熊吾はじめ登場人物はみな長短併せ持つ人間臭い人々です。シリーズを通して総勢370人もの人物が登場しているそうですが、そのすべてが生き生きと描かれ、ストーリーを大きく動かしていきます。
そのパーソナリティは実に様々。
なんとも心優しい人もいます。最後まで嫌な人間もいます。物語の中で壮絶な死を遂げる人物もいます。
そしてその人々と対峙する熊吾自身、様々な心境の変化を遂げていきます。

熊吾は商魂たくましく成功も遂げるし、あり得ない失敗で富を失いもします
何の見返りも求めず人を助け尊敬の念を集めるし、他人のプライドをひどく傷つけ恨みも買います
それでも己を貫く熊後の姿勢は、ただただ圧巻。
読み進めるほどにその人柄に引き込まれ、愛媛県宇和町の方言「~じゃけんのう」という熊吾の言いまわしが、まるで実際に耳にしたように響いてきます。

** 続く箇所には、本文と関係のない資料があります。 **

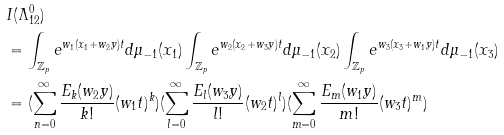Convert formula to latex. <formula><loc_0><loc_0><loc_500><loc_500>& I ( \Lambda _ { 1 2 } ^ { 0 } ) \\ & = \int _ { \mathbb { Z } _ { p } } e ^ { w _ { 1 } ( x _ { 1 } + w _ { 2 } y ) t } d \mu _ { - 1 } ( x _ { 1 } ) \int _ { \mathbb { Z } _ { p } } e ^ { w _ { 2 } ( x _ { 2 } + w _ { 3 } y ) t } d \mu _ { - 1 } ( x _ { 2 } ) \int _ { \mathbb { Z } _ { p } } e ^ { w _ { 3 } ( x _ { 3 } + w _ { 1 } y ) t } d \mu _ { - 1 } ( x _ { 3 } ) \\ & = ( \sum _ { n = 0 } ^ { \infty } \frac { E _ { k } ( w _ { 2 } y ) } { k ! } ( w _ { 1 } t ) ^ { k } ) ( \sum _ { l = 0 } ^ { \infty } \frac { E _ { l } ( w _ { 3 } y ) } { l ! } ( w _ { 2 } t ) ^ { l } ) ( \sum _ { m = 0 } ^ { \infty } \frac { E _ { m } ( w _ { 1 } y ) } { m ! } ( w _ { 3 } t ) ^ { m } )</formula>

他人を無私で受け入れる姿勢は高潔な人物かと思いきや、学歴コンプレックスを強くもっていて、学歴詐称や医師の真似事をする様子も描かれます。
考えなしに周りを振り回す妹に対して、「愚かなことは罪だ」と断罪する熊後は、有能ゆえに抱えきれないほどの理不尽にさいなまされてきたのでしょう。

最終話を書き終えた著者は、奇しくも亡くなった父親と同じ年齢に達していました。
物語は三分の一が事実と述べていますが、母親や自分自身の屈託を、あらゆる場面で感じさせます。
父は彼にとってヒーローであり、とんだ暴力夫であり。
しかしやはり見事な生き様を見せつけた誇るべきおとこです
今の時代だからこそ、その人間性を多くの人に味わって欲しいと強く思います。

新作が出るたびに、嬉々として手にしてきた長期の読者としては、最終巻は号泣しながら何度も読み返したものです。そして公開された熊吾・房江夫妻の写真も、物語のイメージそのままで感動。
特に最初の3部が特に熊後の本質を描いており、第一にエンターテインメイトとして、また戦後の日本の情勢を学ぶ資料としても最高です。
まずは一作目「流転の海」をぜひ手に取ってみてください。多くの日本人に一読いただきたいと心から願う作品です。